Aimee Noel has twice been awarded the Ohio Art Council’s Individual Excellence Award for poetry and was an OAC Fellow at the Fine Arts Works Center. Her poems are published in journals such as Ecotone, Witness, Michigan Quarterly Review and elsewhere. Transplanted from the shores of Lake Erie, she now lives with her wife in Dayton, Ohio.
IN HER OWN WORDS
No one chooses their perspective, certainly, but in my 50s, I’m still unsettled in mine. I occupy many spaces at once. My writing reflects the duplicitous space someone occupies in a family, a job, or a community, and the void created when they leave. I grew up in, and am growing away from, a blue-collar background near Buffalo, NY. Being the first in my family to go away to college, I hold a blurred space between the working class and those with advanced degrees.
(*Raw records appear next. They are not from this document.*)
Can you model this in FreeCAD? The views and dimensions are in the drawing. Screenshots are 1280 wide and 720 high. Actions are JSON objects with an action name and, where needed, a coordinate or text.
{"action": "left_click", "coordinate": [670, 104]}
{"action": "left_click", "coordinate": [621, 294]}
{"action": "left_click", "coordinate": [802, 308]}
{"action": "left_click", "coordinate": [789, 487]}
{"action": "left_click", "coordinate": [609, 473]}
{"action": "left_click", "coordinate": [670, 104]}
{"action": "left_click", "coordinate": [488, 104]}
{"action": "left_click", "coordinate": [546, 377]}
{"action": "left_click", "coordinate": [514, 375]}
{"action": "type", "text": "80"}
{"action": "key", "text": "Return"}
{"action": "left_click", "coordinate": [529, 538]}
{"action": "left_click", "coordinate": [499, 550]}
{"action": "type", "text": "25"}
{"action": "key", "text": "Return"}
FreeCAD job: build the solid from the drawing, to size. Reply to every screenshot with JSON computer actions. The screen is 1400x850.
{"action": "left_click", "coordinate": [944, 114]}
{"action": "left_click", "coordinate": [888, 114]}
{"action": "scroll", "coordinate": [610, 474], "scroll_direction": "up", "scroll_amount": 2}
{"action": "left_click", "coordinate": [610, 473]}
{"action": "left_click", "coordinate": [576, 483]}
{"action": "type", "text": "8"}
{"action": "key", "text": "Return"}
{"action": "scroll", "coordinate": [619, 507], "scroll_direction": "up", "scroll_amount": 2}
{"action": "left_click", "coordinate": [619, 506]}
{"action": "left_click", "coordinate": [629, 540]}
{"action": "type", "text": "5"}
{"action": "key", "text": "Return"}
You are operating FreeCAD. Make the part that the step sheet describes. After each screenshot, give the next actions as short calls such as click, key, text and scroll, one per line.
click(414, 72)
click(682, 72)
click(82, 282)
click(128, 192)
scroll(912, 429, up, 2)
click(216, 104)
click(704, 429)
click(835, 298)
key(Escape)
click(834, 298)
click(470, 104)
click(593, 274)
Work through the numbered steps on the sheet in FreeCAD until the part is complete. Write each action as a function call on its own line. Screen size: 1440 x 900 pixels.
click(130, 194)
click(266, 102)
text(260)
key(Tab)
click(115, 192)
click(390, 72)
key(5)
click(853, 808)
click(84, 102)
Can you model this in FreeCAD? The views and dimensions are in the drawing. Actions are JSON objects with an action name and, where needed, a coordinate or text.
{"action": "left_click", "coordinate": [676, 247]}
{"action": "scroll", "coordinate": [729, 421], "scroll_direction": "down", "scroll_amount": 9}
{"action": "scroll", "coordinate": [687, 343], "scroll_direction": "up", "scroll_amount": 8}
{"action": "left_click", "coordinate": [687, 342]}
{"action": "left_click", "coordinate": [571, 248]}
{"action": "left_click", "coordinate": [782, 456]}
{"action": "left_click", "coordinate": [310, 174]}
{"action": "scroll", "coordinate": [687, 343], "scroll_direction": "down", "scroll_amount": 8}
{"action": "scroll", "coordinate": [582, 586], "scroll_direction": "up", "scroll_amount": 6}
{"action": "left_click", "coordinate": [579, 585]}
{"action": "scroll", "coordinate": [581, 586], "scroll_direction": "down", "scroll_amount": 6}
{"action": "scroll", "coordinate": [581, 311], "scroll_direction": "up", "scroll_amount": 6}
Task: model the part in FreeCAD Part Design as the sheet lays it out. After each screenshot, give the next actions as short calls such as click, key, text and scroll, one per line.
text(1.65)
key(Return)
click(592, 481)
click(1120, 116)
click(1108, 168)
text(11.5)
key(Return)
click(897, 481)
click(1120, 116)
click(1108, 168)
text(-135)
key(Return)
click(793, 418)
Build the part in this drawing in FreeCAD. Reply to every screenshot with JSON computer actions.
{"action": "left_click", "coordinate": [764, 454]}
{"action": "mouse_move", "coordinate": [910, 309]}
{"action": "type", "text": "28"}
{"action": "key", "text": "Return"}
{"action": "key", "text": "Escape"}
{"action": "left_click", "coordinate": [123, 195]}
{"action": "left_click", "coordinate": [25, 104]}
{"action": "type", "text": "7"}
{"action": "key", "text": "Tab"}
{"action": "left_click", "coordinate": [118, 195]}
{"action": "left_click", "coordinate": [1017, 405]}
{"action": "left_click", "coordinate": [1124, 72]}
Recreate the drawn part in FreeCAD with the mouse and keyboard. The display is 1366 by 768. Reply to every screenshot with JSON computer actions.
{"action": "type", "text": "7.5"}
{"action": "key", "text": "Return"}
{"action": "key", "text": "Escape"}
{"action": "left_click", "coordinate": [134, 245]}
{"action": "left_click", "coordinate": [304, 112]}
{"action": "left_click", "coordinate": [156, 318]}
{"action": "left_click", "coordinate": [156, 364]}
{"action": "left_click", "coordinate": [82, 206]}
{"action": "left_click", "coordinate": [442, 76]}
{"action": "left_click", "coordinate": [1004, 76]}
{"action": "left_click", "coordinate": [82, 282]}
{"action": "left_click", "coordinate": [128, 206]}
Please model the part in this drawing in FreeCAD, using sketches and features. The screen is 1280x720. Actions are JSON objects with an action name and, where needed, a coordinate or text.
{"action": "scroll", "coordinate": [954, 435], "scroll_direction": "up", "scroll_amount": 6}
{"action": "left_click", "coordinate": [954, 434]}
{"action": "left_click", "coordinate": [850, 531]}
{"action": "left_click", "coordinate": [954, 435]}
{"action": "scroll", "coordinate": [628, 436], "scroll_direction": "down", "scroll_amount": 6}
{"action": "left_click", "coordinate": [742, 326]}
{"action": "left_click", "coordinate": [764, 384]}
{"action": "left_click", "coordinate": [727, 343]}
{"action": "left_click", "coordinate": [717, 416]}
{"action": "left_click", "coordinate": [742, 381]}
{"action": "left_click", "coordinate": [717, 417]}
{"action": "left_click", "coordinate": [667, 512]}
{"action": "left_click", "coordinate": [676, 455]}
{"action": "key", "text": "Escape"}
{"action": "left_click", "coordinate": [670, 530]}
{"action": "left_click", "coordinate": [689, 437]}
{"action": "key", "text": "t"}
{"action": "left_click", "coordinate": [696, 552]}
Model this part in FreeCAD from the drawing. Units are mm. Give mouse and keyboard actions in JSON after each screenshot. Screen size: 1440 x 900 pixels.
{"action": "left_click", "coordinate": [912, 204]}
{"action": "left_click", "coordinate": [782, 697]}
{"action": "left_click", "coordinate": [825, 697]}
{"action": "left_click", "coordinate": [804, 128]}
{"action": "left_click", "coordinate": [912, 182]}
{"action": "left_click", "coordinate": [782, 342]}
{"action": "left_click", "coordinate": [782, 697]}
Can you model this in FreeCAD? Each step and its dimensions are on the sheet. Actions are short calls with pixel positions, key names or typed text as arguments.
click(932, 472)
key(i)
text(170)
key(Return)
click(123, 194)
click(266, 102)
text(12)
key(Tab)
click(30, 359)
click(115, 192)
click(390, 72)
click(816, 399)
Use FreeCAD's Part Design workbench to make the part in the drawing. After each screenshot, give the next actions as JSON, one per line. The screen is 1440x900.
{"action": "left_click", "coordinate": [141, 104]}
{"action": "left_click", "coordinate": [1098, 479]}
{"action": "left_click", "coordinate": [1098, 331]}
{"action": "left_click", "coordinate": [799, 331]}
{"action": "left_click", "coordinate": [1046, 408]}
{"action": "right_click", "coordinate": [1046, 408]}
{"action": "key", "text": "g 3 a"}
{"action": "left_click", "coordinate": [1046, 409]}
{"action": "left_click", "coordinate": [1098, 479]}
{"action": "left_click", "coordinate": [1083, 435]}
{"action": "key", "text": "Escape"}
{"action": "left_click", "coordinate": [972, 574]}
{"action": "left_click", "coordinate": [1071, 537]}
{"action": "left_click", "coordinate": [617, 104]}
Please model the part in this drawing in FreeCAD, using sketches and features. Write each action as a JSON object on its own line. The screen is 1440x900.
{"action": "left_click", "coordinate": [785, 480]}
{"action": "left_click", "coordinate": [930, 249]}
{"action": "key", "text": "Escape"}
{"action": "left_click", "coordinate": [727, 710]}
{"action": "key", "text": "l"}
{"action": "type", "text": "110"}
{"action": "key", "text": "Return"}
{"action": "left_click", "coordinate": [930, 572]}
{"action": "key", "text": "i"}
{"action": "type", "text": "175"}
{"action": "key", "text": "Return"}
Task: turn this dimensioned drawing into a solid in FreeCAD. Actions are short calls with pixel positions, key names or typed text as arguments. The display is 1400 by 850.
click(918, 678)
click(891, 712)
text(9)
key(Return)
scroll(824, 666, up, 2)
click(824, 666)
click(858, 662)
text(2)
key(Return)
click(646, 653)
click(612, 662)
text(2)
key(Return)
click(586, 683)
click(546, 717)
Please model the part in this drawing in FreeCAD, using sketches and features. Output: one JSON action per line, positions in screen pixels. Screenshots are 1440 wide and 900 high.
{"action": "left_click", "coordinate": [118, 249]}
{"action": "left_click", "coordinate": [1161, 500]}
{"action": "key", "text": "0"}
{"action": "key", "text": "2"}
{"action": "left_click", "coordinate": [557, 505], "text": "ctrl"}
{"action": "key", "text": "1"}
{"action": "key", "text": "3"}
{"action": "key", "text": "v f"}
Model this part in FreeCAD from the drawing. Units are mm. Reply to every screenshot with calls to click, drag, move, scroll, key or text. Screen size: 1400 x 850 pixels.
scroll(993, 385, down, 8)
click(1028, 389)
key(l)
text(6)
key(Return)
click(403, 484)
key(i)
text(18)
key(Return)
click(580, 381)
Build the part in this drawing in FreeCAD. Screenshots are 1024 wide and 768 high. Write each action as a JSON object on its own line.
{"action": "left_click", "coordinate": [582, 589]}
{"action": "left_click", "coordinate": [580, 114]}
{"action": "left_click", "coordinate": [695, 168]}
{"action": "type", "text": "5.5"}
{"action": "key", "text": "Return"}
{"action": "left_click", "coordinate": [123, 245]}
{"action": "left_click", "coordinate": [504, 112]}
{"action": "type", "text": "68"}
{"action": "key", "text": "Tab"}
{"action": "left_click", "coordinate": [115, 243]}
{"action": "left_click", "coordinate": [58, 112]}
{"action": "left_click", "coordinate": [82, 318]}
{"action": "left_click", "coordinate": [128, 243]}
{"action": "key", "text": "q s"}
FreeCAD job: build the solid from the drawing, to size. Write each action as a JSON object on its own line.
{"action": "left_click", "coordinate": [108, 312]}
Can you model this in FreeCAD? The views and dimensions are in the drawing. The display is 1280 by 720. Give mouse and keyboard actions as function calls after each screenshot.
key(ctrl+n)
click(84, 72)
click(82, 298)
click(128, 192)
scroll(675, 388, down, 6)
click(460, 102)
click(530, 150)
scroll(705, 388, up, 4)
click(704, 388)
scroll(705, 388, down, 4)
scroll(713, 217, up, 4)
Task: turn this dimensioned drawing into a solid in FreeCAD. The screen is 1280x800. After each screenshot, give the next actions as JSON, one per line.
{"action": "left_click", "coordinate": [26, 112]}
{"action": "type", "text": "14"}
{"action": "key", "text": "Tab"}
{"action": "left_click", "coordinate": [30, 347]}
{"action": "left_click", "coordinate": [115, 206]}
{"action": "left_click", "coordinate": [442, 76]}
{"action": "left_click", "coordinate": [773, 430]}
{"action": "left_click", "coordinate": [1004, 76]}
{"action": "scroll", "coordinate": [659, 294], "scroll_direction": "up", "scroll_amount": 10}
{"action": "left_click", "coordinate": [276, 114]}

I’m not quite home in either space; I find myself code-switching when I’m back in Buffalo, and when I’m home, in Dayton, trying to convince myself I’ve earned the academic currency to live my current life. Blue-collar families, the ways in which society views them, and the ways in which the working class views those who “defect” is my fodder. I explore these injustices, hypocrisies, and camaraderie through poetry. In doing so, I’m also exploring my personal world and what it means to be “home.”